== Segment start ==
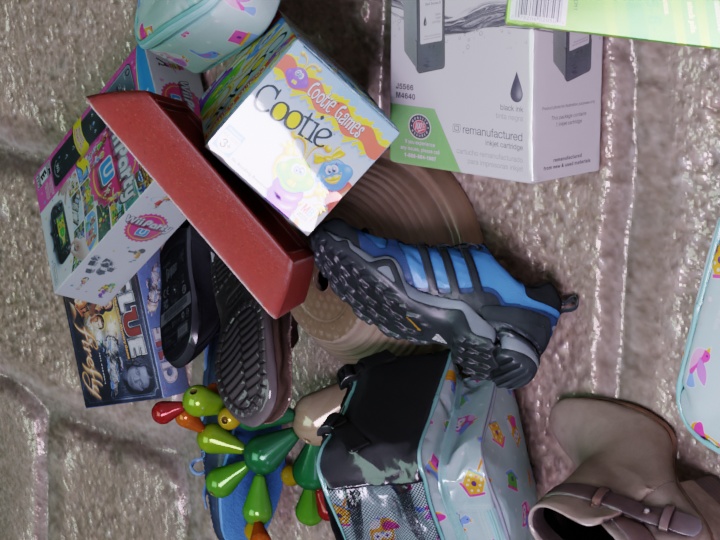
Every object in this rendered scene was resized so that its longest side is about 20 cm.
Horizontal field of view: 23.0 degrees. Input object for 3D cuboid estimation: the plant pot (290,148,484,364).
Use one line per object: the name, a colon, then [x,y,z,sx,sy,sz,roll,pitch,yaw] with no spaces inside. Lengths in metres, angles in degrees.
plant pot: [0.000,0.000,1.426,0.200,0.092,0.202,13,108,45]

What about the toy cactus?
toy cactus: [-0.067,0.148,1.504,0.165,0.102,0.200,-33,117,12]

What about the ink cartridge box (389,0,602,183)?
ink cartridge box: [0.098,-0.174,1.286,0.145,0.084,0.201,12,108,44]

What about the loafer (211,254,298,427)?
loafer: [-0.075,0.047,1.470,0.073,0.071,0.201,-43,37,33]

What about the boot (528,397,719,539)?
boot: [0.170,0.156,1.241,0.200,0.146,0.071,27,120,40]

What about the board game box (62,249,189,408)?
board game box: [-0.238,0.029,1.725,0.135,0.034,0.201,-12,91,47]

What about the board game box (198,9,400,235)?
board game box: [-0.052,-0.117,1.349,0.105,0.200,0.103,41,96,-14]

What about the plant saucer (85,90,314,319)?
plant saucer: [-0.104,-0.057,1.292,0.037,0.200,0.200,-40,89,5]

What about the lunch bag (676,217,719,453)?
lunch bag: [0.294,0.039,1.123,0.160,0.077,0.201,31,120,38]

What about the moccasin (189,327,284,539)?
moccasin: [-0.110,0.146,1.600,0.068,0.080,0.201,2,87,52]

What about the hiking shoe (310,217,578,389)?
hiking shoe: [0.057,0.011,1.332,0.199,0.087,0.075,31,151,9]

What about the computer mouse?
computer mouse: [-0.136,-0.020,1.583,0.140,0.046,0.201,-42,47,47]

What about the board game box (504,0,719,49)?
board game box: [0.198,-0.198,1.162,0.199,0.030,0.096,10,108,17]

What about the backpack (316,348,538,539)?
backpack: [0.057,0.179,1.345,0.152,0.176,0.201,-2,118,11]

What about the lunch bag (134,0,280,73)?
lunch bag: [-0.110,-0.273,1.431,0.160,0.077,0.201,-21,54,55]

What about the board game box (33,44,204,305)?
== Segment end ==
TASK DIRECTIONS. The result should be every line of the data, reproduced exactly, with the images removed.

SOLUTION TO THIS PROBLEM.
Every object in this rendered scene was resized so that its longest side is about 20 cm.
Horizontal field of view: 23.0 degrees. Input object for 3D cuboid estimation: the plant pot (290,148,484,364).
Use one line per object: the name, a colon, then [x,y,z,sx,sy,sz,roll,pitch,yaw] with no spaces inside. Lengths in metres, angles in degrees.
plant pot: [0.000,0.000,1.426,0.200,0.092,0.202,13,108,45]

What about the toy cactus?
toy cactus: [-0.067,0.148,1.504,0.165,0.102,0.200,-33,117,12]

What about the ink cartridge box (389,0,602,183)?
ink cartridge box: [0.098,-0.174,1.286,0.145,0.084,0.201,12,108,44]

What about the loafer (211,254,298,427)?
loafer: [-0.075,0.047,1.470,0.073,0.071,0.201,-43,37,33]

What about the boot (528,397,719,539)?
boot: [0.170,0.156,1.241,0.200,0.146,0.071,27,120,40]

What about the board game box (62,249,189,408)?
board game box: [-0.238,0.029,1.725,0.135,0.034,0.201,-12,91,47]

What about the board game box (198,9,400,235)?
board game box: [-0.052,-0.117,1.349,0.105,0.200,0.103,41,96,-14]

What about the plant saucer (85,90,314,319)?
plant saucer: [-0.104,-0.057,1.292,0.037,0.200,0.200,-40,89,5]

What about the lunch bag (676,217,719,453)?
lunch bag: [0.294,0.039,1.123,0.160,0.077,0.201,31,120,38]

What about the moccasin (189,327,284,539)?
moccasin: [-0.110,0.146,1.600,0.068,0.080,0.201,2,87,52]

What about the hiking shoe (310,217,578,389)?
hiking shoe: [0.057,0.011,1.332,0.199,0.087,0.075,31,151,9]

What about the computer mouse?
computer mouse: [-0.136,-0.020,1.583,0.140,0.046,0.201,-42,47,47]

What about the board game box (504,0,719,49)?
board game box: [0.198,-0.198,1.162,0.199,0.030,0.096,10,108,17]

What about the backpack (316,348,538,539)?
backpack: [0.057,0.179,1.345,0.152,0.176,0.201,-2,118,11]

What about the lunch bag (134,0,280,73)?
lunch bag: [-0.110,-0.273,1.431,0.160,0.077,0.201,-21,54,55]

What about the board game box (33,44,204,305)?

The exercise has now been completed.